Understanding Unicode and UTF-8

Encountering Unicode


  • Encountering a UnicodeDecodeError in Python indicates a character encoding issue.

  • This often arises when dealing with characters not represented in the ASCII set.

What is Unicode?


  • Unicode is a standard that maps characters to code points.
  • A code point is an integer, usually represented in hexadecimal.
  • A Unicode string is a series of code points.
  • Encoding is the rule set for converting code points to bytes.

ASCII and Unicode


  • Unicode code points \(<\) 128 directly map to ASCII bytes.
  • Code points \(>=\) 128 cannot be encoded in ASCII.
  • Python will raise a UnicodeEncodeError for these cases.
  • Unicode code charts: Unicode Charts

UTF-8 Encoding


  • UTF-8 stands for Unicode Transformation Format 8-bit.
  • It is a variable-width encoding representing every Unicode character.
  • Python uses UTF-8 by default for source code.

Example

  • To write “DAVI” in Unicode (UTF-8) using hexadecimal code points, you would use the Unicode code points for each character.

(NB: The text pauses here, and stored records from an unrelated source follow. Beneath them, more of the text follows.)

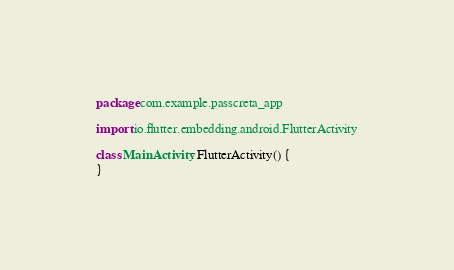<code> <loc_0><loc_0><loc_500><loc_500><_Kotlin_>package com.example.passcreta_app

import io.flutter.embedding.android.FlutterActivity

class MainActivity: FlutterActivity() {
}
</code> 
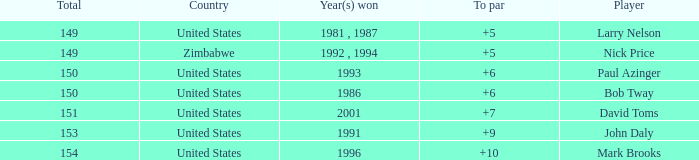What is the total for 1986 with a to par higher than 6? 0.0. Can you give me this table as a dict? {'header': ['Total', 'Country', 'Year(s) won', 'To par', 'Player'], 'rows': [['149', 'United States', '1981 , 1987', '+5', 'Larry Nelson'], ['149', 'Zimbabwe', '1992 , 1994', '+5', 'Nick Price'], ['150', 'United States', '1993', '+6', 'Paul Azinger'], ['150', 'United States', '1986', '+6', 'Bob Tway'], ['151', 'United States', '2001', '+7', 'David Toms'], ['153', 'United States', '1991', '+9', 'John Daly'], ['154', 'United States', '1996', '+10', 'Mark Brooks']]} 
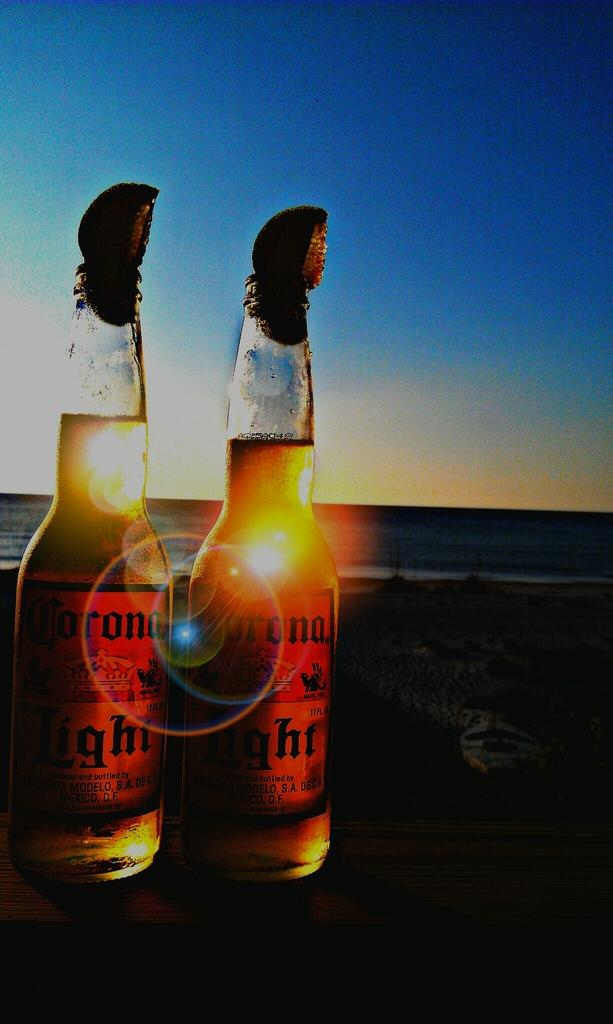<image>
Render a clear and concise summary of the photo. Two bottles of beer called Corona Light next to each other. 
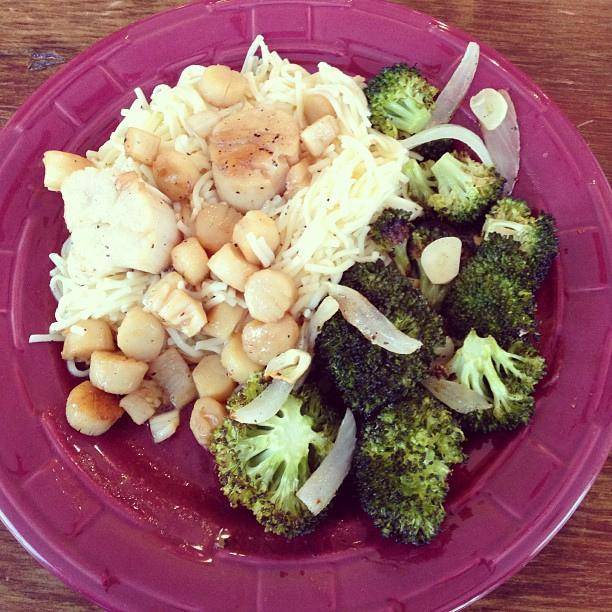What type of seafood is being served?

Choices:
A) scallops
B) shrimp
C) crab
D) fish scallops

  • In UTF-8, the characters in the standard ASCII set, which includes uppercase English letters, are represented by the same values as in ASCII. The code points for ‘D’, ‘A’, ‘V’, and ‘I’ are as follows:

    • “D”: “\u0044”
    • “A”: “\u0041”
    • “V”: “\u0056”
    • “I”: “\u0049”
  • “DAVI” in Unicode (UTF-8) using these escape sequences would be represented as “\u0044\u0041\u0056\u0049”.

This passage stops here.